Ich habe auch vor ca 13 Jahren den Kontakt zu meinem Vater abgebrochen und habe es nie bereut, weil sein Verhalten sich nie verändert hat. Das gute Verhältnis zu meiner Mutter hat mir immer gereicht, auch wenn man bestimmte Gefühle vermisst und generell die Männer, die man kennenlernt mit seinem Vater vergleicht und Angst hat, dass sie genauso sind wie er. Man muss auf jeden Fall so einen Verlust verarbeiten. Nach einem bestimmten Alter ändern sich Menschen einfach nicht, selbst wenn sie es für ihre Kindern tun würden.
Ich hatte 6 oder 7 Jahre keinen Kontakt mehr zu meinem Vater. Eines Tages kam meine Halbschwester aus Österreich zu besuch zu ihm, fand so herraus das er Krebs hatte und kontaktierte mich damit wir uns nochmal sehen und vielleicht versöhnen können.
Wir haben uns getroffen und gequatscht. An seinem Geburtstag hab ich angerufen und ihm gratuliert. Dann kam er auf die Palliativstation. Da hab ich ihn das letzte Mal gesehen. Keine 4 Tage später war er tot.
Das ist mitlerweile 4 Jahre her. Ich weine immernoch jedes Mal wenn ich an ihn denke oder Bilder von ihm sehe.
Hast du schon mal mit ihm darüber gesprochen? Rede mit ihm, er ist dein Vater und von dem hast du nur einen. Ich habe meinen im April verloren und du kannst mir glauben: Bereinige alles was zwischen euch steht und versuche wieder ein Verhältnis aufzubauen. Selbst wenn er nicht drauf anspringt, aber du hast es versucht. Ansonsten wirst du es irgendwann bereuen, wenn er nicht mehr da ist.
Es geht nicht darum, dem Vater einen Gefallen zu tun, sondern sein inneres Kind zu heilen. Mein Ratschlag ist überhaupt nicht ungeheuerlich, sondern relevant für das eigene Seelenheil. Alles andere führt in die Verbitterung. Selbst wenn man nichts erreicht, hat man es versucht und nur darauf kommt es an.
Mit ihm ist nicht zu reden. Wenn man ihm drauf anspricht gibt er entweder keine Antwort, meint "das geht dich nix an", oder wird ausfallend.

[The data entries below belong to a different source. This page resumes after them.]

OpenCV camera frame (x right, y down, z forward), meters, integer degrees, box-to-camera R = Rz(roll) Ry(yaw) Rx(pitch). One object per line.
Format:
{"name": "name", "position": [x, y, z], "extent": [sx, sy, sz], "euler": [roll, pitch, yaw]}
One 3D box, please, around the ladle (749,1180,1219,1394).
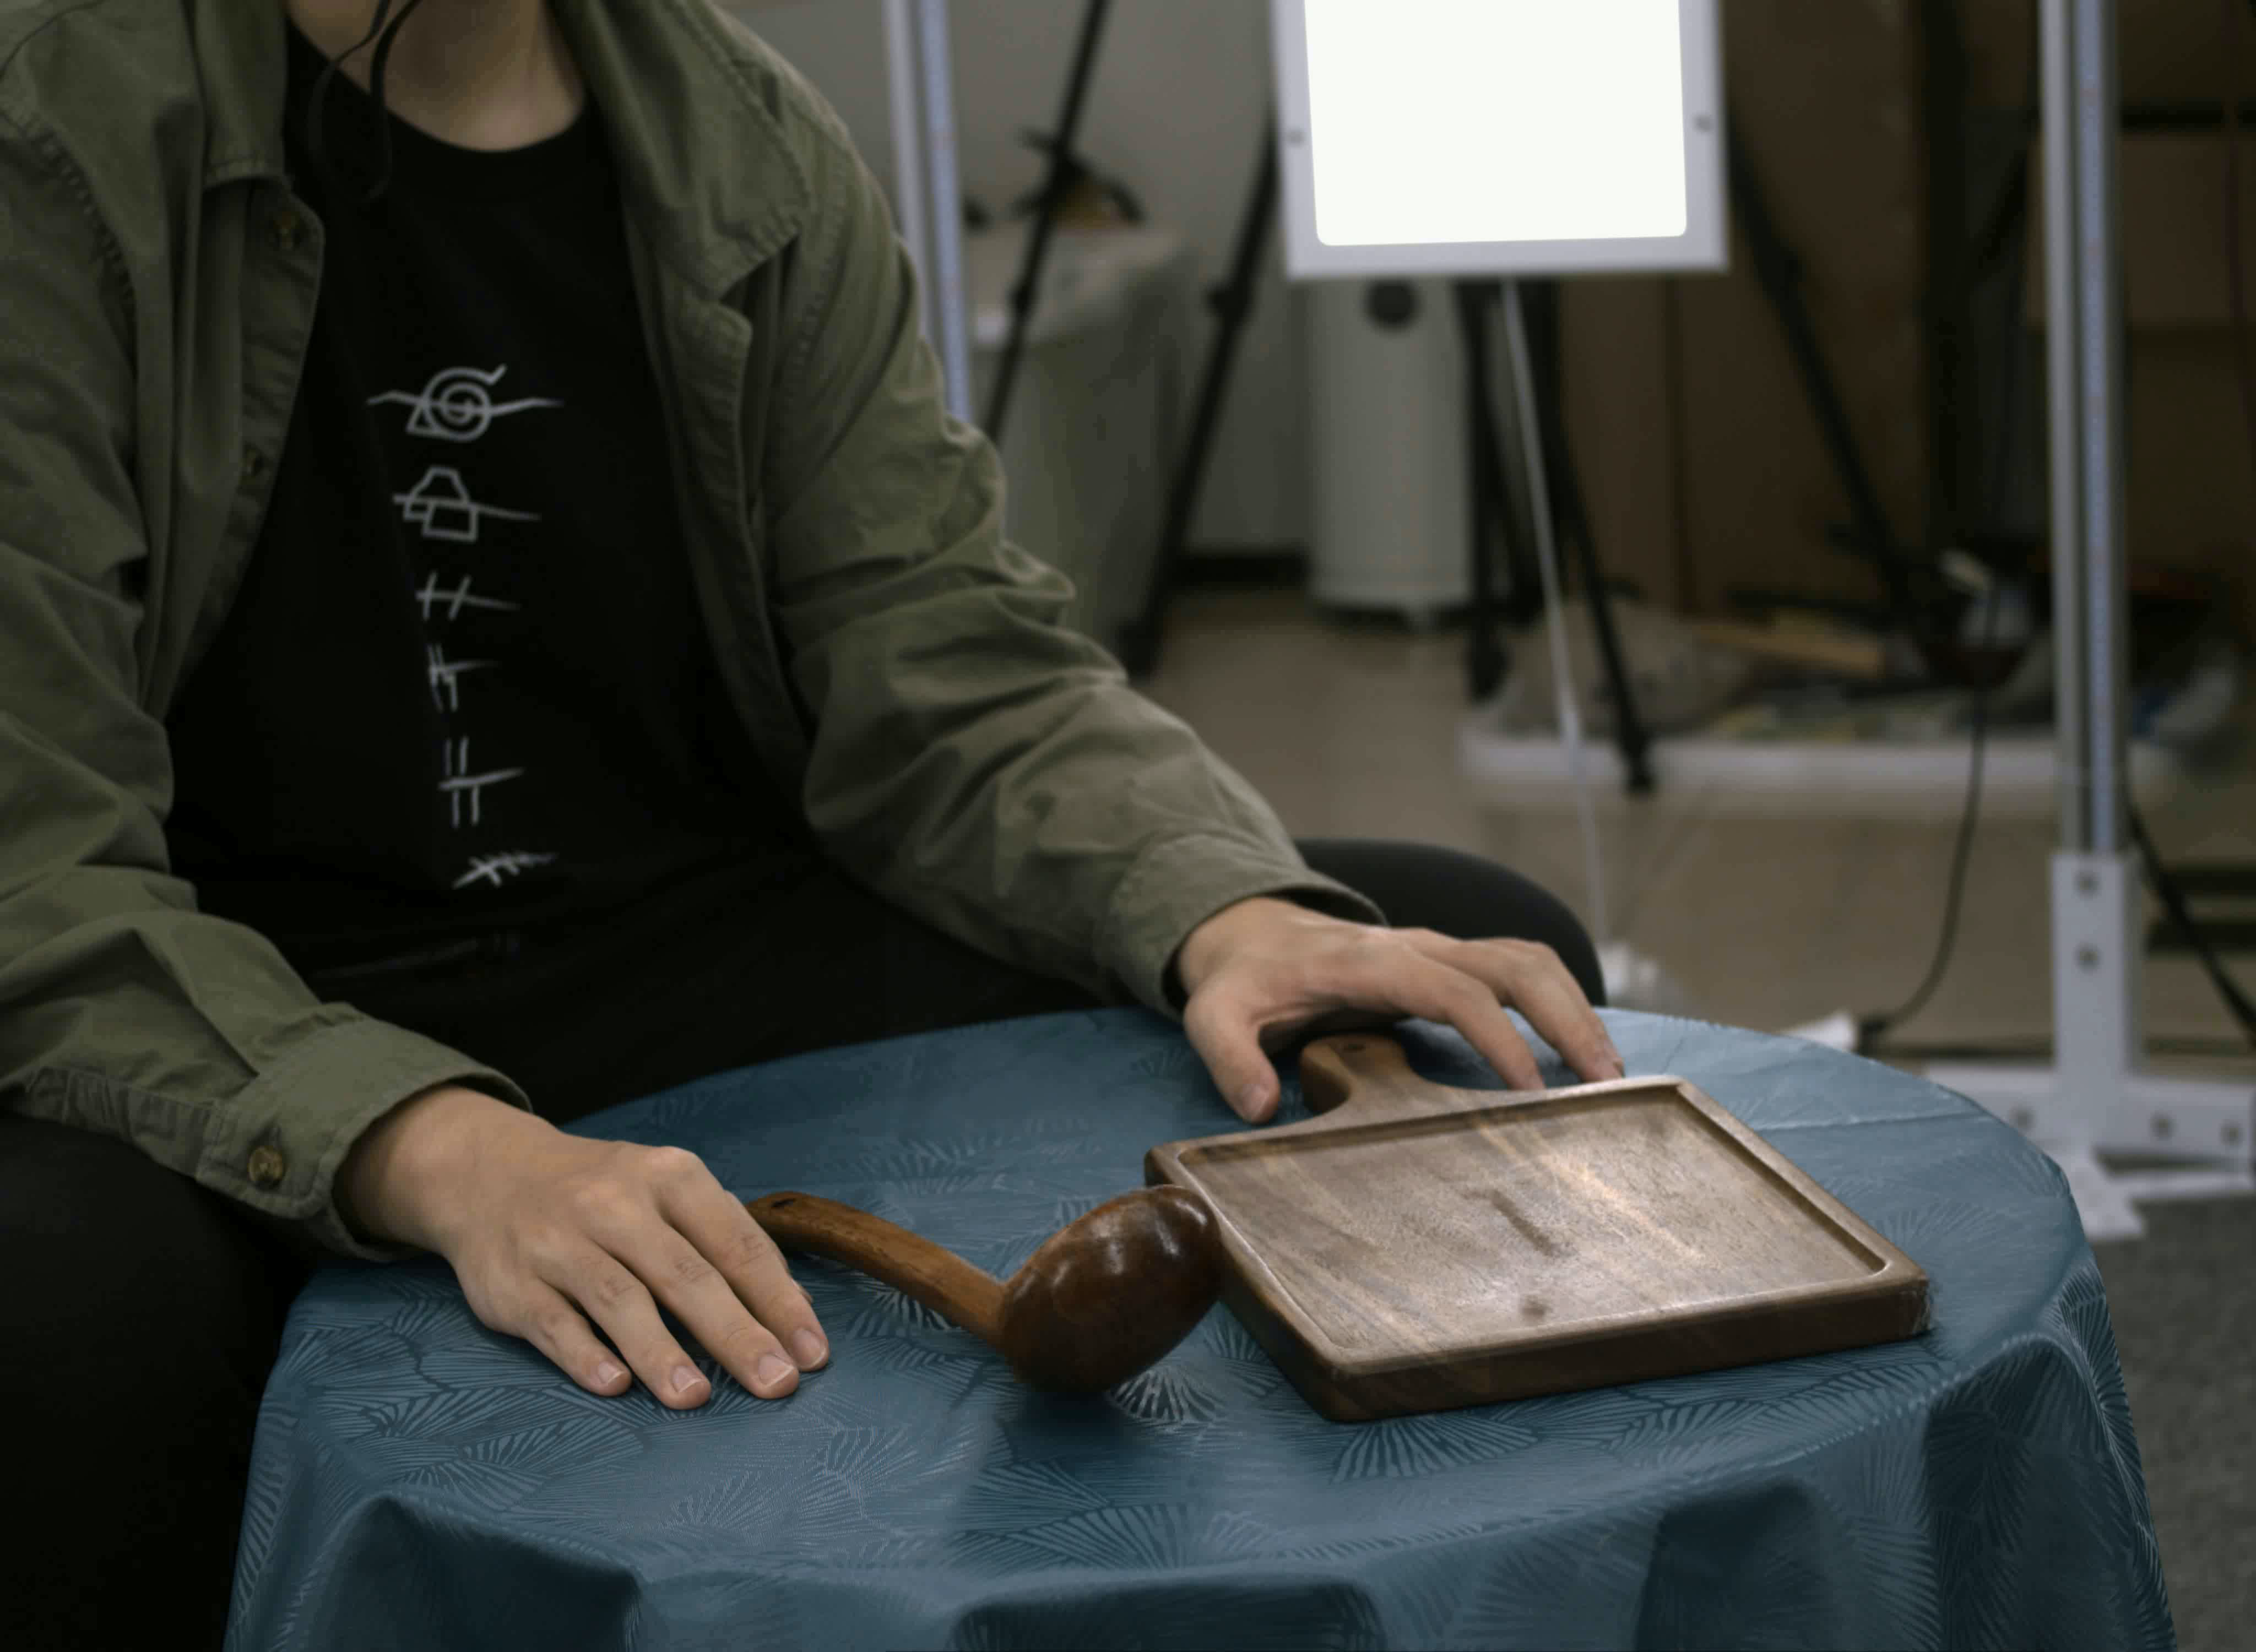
{"name": "ladle", "position": [-0.062, 0.125, 1.763], "extent": [0.080, 0.077, 0.279], "euler": [-17, 17, -26]}

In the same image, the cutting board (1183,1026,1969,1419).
{"name": "cutting board", "position": [0.130, 0.120, 1.826], "extent": [0.199, 0.023, 0.354], "euler": [-7, 14, -10]}

Sorry nein, ich habe meine Entscheidung nie bereut.
Leute die in guten Familien aufwachsen können nie verstehen was Kinder erleben, wenn sich die Eltern nicht kümmern.
Ich empfinde es als ungeheuerlich solche Ratschläge zu erteilen, wenn man nicht im Entferntesten weiss, was vernachlässigte Kinder durch machen.
Wenn dann müssen schon die Eltern die Initiative ergreifen, sicher nicht die Kinder.